The data sets from this study in the Portal are:

  • GoT2D WGS - whole-genome sequence data
  • GoT2D WGS + replication – whole-genome sequence data plus imputed genotypes
  • 13K exome sequence analysis
  • 82K exome chip analysis

All of these are described in more detail on our Data page. You can see a list of the cohorts and even view their case/control selection criteria. Our Variant Finder tool may be applied to all of these sets, and the Genetic Association Interactive Tool (GAIT) accesses the 17K exome sequence analysis data set that includes the 13K exome sequence analysis data from this study along with additional data from the SIGMA Consortium, previously published by Estrada et al. in JAMA. You’ll also see results from these data sets in various tables and displays on the Gene and Variant pages of the Portal.

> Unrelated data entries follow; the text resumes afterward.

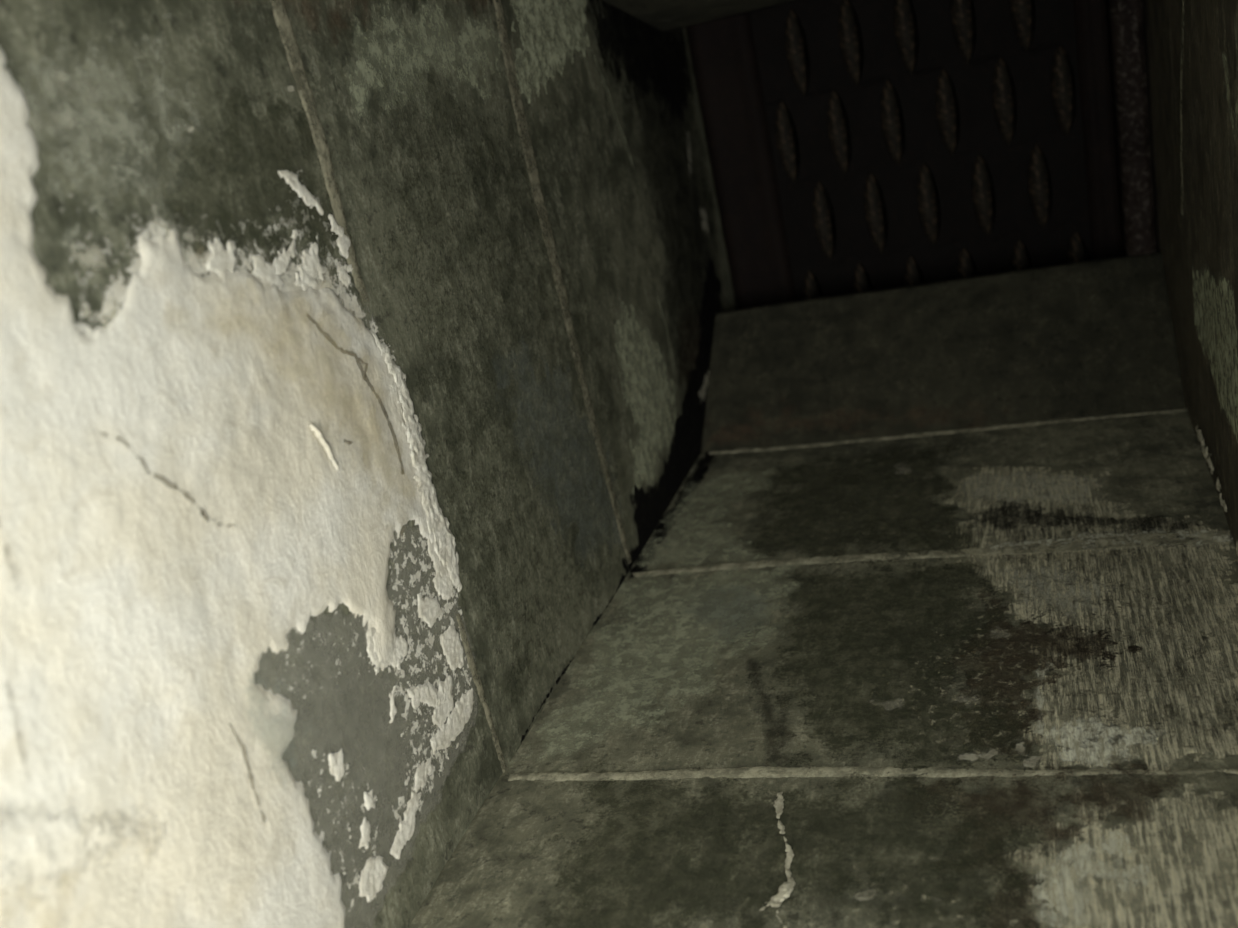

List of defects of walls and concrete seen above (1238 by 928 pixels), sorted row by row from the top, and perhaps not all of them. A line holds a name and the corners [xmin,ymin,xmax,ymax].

water stain [345,0,590,122]
peeling [182,169,361,309]
water stain [615,297,677,495]
water stain [1192,267,1238,443]
crack [105,436,237,527]
water stain [1195,425,1227,512]
peeling [255,524,477,928]
water stain [527,444,1238,928]
crack [759,792,795,928]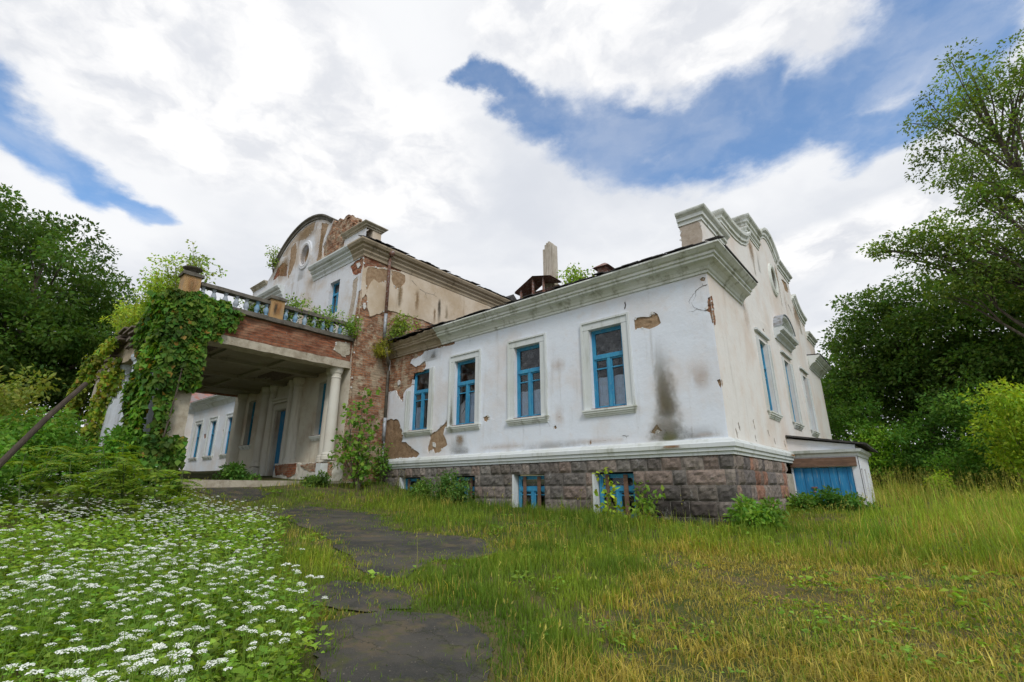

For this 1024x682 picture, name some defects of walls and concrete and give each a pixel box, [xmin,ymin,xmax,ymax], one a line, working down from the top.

spalling [273,214,362,280]
flaking render [634,311,661,330]
flaking render [275,256,455,482]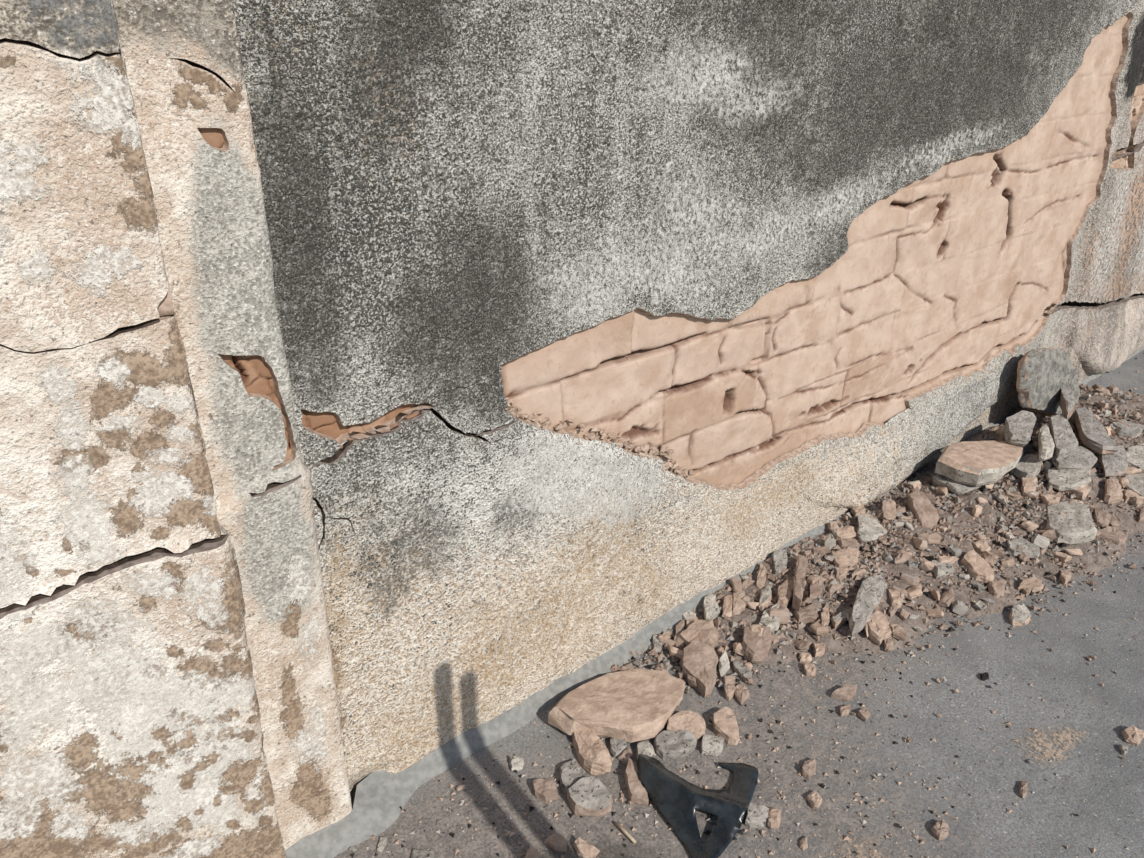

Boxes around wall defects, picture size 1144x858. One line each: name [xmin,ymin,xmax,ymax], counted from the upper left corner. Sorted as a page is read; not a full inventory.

crack [0,38,121,61]
damp [1124,15,1144,100]
crack [0,318,160,354]
peeling [63,57,160,232]
damp [260,112,337,401]
damp [398,0,1103,408]
flaking render [502,12,1144,491]
crack [1045,292,1144,315]
damp [1085,174,1129,315]
flaking render [218,354,435,470]
crack [0,534,229,619]
peeling [0,277,348,858]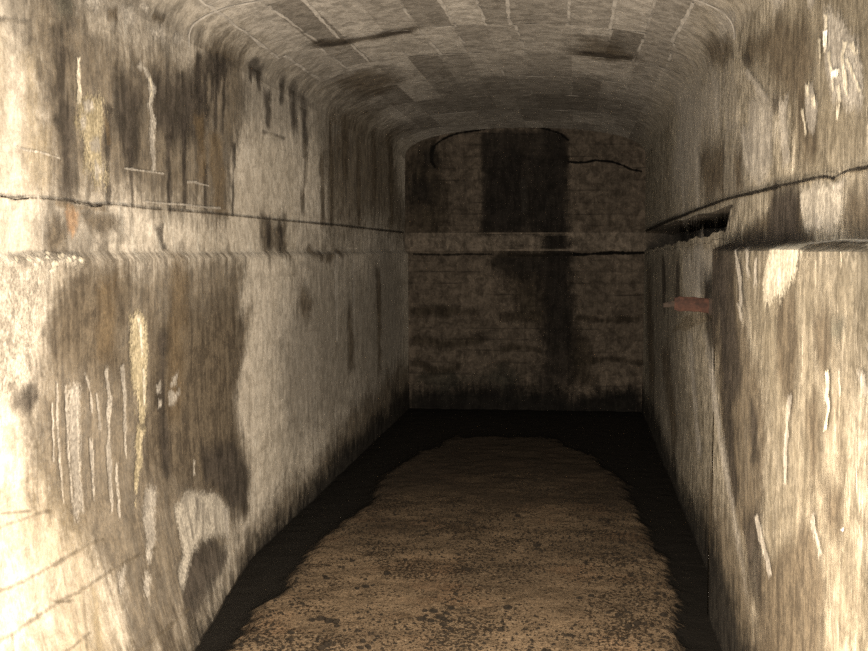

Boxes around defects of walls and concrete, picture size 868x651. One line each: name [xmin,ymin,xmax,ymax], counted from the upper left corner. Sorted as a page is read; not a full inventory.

leakage [28,0,308,221]
crack [0,195,404,234]
leakage [320,109,446,234]
crack [413,164,868,257]
leakage [18,130,868,651]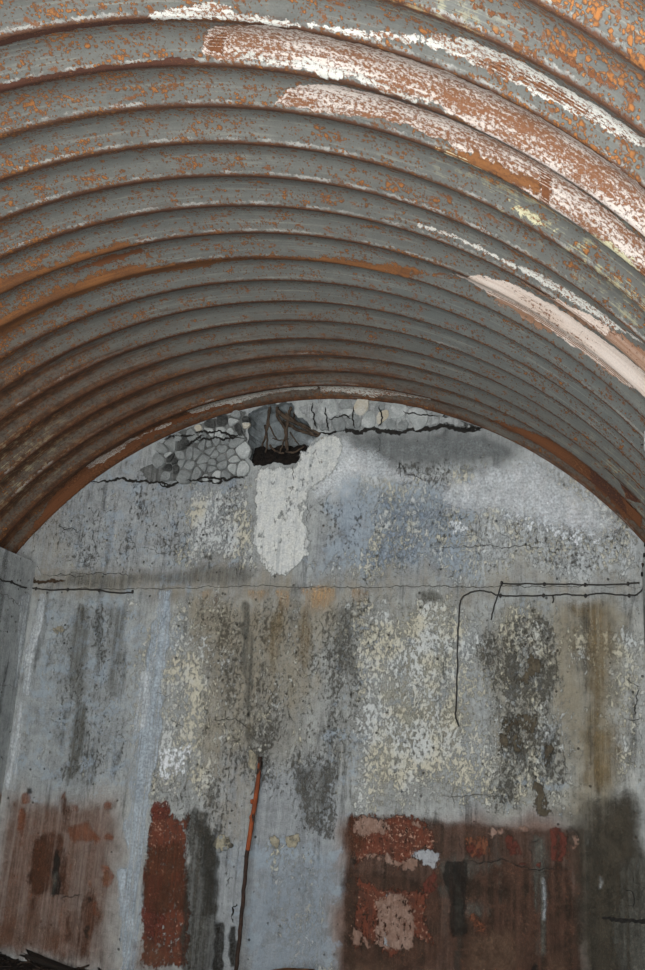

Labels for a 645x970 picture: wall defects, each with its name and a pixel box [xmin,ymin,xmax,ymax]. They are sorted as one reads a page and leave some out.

corrosion [0,18,155,46]
corrosion [0,56,199,93]
peeling [148,1,645,277]
corrosion [0,239,437,339]
peeling [417,223,645,397]
corrosion [33,386,431,530]
peeling [140,399,479,576]
crack [320,415,482,452]
water stain [68,668,86,778]
water stain [117,591,170,970]
water stain [578,603,645,970]
water stain [180,810,237,970]

In a review article that was also published today in Nature Reviews Genetics, Flannick and Florez advocate for the aggregation of genetic data in general, and the T2D Knowledge Portal in particular, as a way to democratize the study of T2D and accelerate discoveries that will improve patient care.

“Data from human genetics is highly valuable in identifying and validating the role of specific targets for development of new medicines,” said David Altshuler, who was previously the principal investigator at Broad for the T2D genetics studies and Portal at Broad, and is now Chief Scientific Officer at Vertex Pharmaceuticals.  “When government, non-profits and companies work together with patients to increase our knowledge of the genetic causes of disease, everyone benefits.”  

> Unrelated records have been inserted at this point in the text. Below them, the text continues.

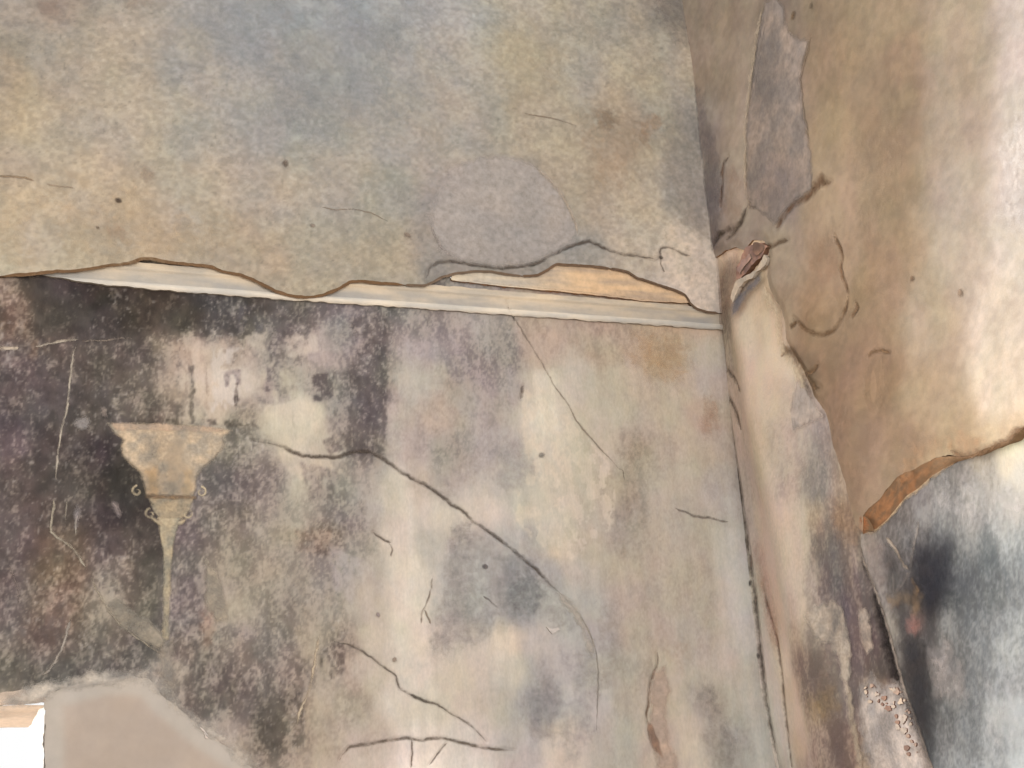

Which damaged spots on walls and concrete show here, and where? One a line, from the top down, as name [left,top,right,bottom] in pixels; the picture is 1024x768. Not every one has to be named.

flaking render [744,0,812,223]
flaking render [450,265,689,303]
flaking render [731,242,771,302]
crack [3,240,717,452]
peeling [790,367,822,429]
crack [286,449,544,578]
flaking render [861,456,973,534]
flaking render [0,672,252,768]
crack [297,641,318,723]
crack [343,643,502,766]
crack [581,618,599,707]
leakage [903,642,928,730]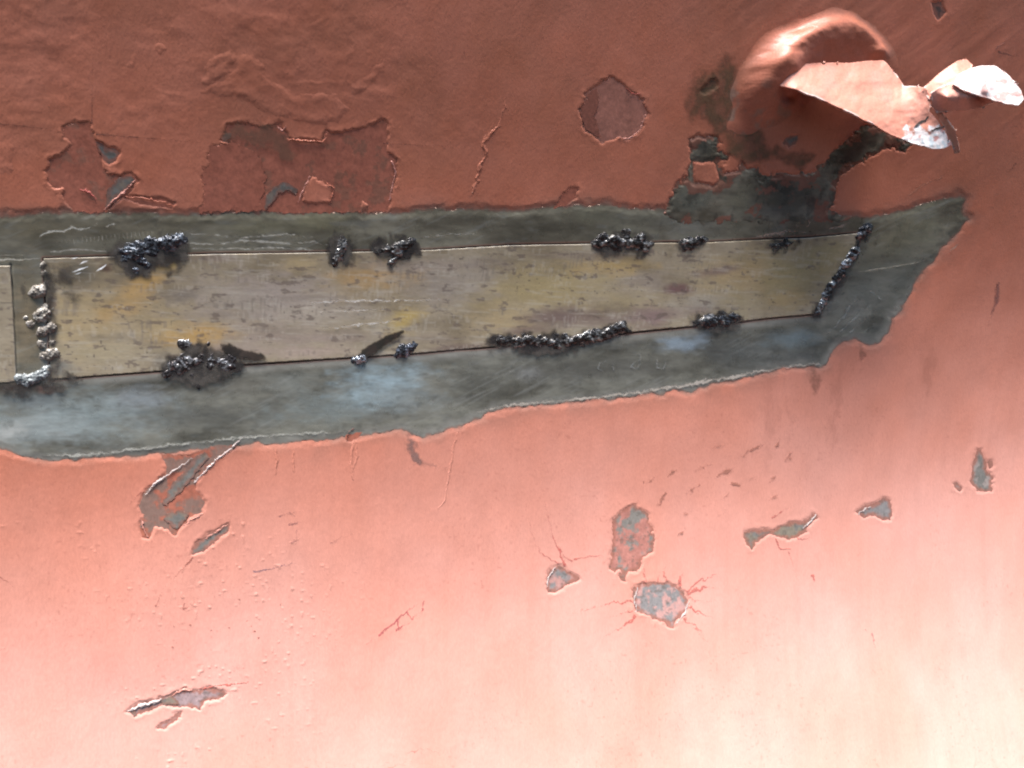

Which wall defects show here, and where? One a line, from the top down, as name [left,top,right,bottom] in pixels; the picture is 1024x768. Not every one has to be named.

peeling [47,122,175,214]
peeling [199,120,397,215]
crack [469,97,507,199]
peeling [139,437,243,538]
peeling [192,523,230,555]
peeling [546,565,580,593]
peeling [609,505,690,628]
crack [605,573,708,630]
peeling [743,514,818,550]
peeling [856,497,892,520]
peeling [953,449,994,492]
peeling [127,681,249,729]

The Accelerating Medicines Partnership in Type 2 Diabetes funds the T2D Knowledge Portal as a means to facilitate collaboration, with the goal of benefitting patients with T2D world-wide. “Whether you are a biologist exploring a specific pathway in a model system, a pharmaceutical investigator examining an appealing drug target, or a clinician pondering whether a newly identified variant is the cause of a patient’s symptoms, having well curated human genetic data matched to carefully defined phenotypes at your fingertips should provide rapid insight and accelerate discovery,” said Jose Florez, the Chief of the Diabetes Unit at the Massachusetts General Hospital and a human geneticist at the Broad Institute, who leads one of the groups developing the Knowledge Portal. The deposition of the huge data sets from the Fuchsberger et al. study into the Portal has demonstrated that the processes in place for data intake, harmonization, and quality control are functional and can work at scale. We hope that other researchers and consortia will follow suit and help to make the Portal an even more powerful catalyst for new insights into T2D.